A new report from Brussels think-tank the Security and Defence Agenda (SDA) has called for the setting up of a European Intelligence Agency to provide early warning on cyber attacks and other threats.
The SDA announced the first ever findings from its 'Security Jam', a global online brainstorming session on the challenges facing global security involving 4,000 military, diplomatic and civilian experts from 124 countries.
While most of the recommendations (PDF), aimed at Nato and the European Union, concerned physical security, the threat of cyber attacks was also considered and both institutions warned that they need to boost their intelligence in the area.
Central to this would be the creation of a European Intelligence Agency which should act as a "clearinghouse or trusted information broker that unravels complex hybrid threats for operational and strategic planning", said the report.
"With no physical and logical separation between defence, critical infrastructure and commercial interests in cyber attacks, the EU Intelligence Agency should map vulnerable targets and the possible fall-out after cyber attacks," the report noted.

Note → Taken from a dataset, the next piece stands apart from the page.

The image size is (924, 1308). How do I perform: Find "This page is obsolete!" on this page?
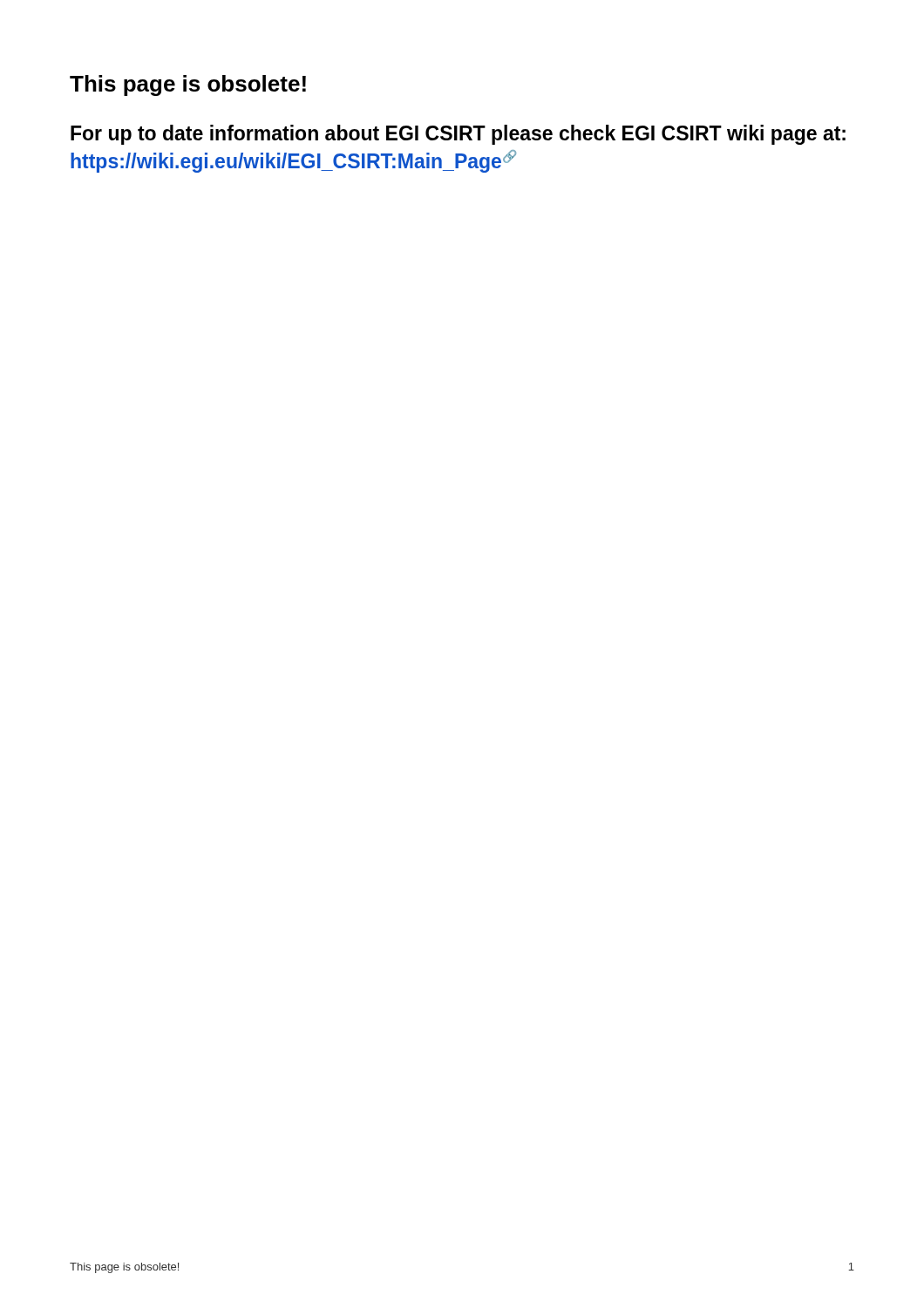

"It needs to trace potential aggressors and promote the exchange of information between member states. Given the rapid evolution of IT, the European Intelligence Agency should also aim at effective public-private partnerships."
The report comes just months after the House of Lords called on the EU and Nato to take urgent steps to improve co-operation on cyber security, and to better co-ordinate their efforts with those of other world powers.
The House of Lords European Union Committee said that it was shocked by the lack of co-operation between the EU and Nato on cyber security matters, noting that there is considerable overlap between the two institutions.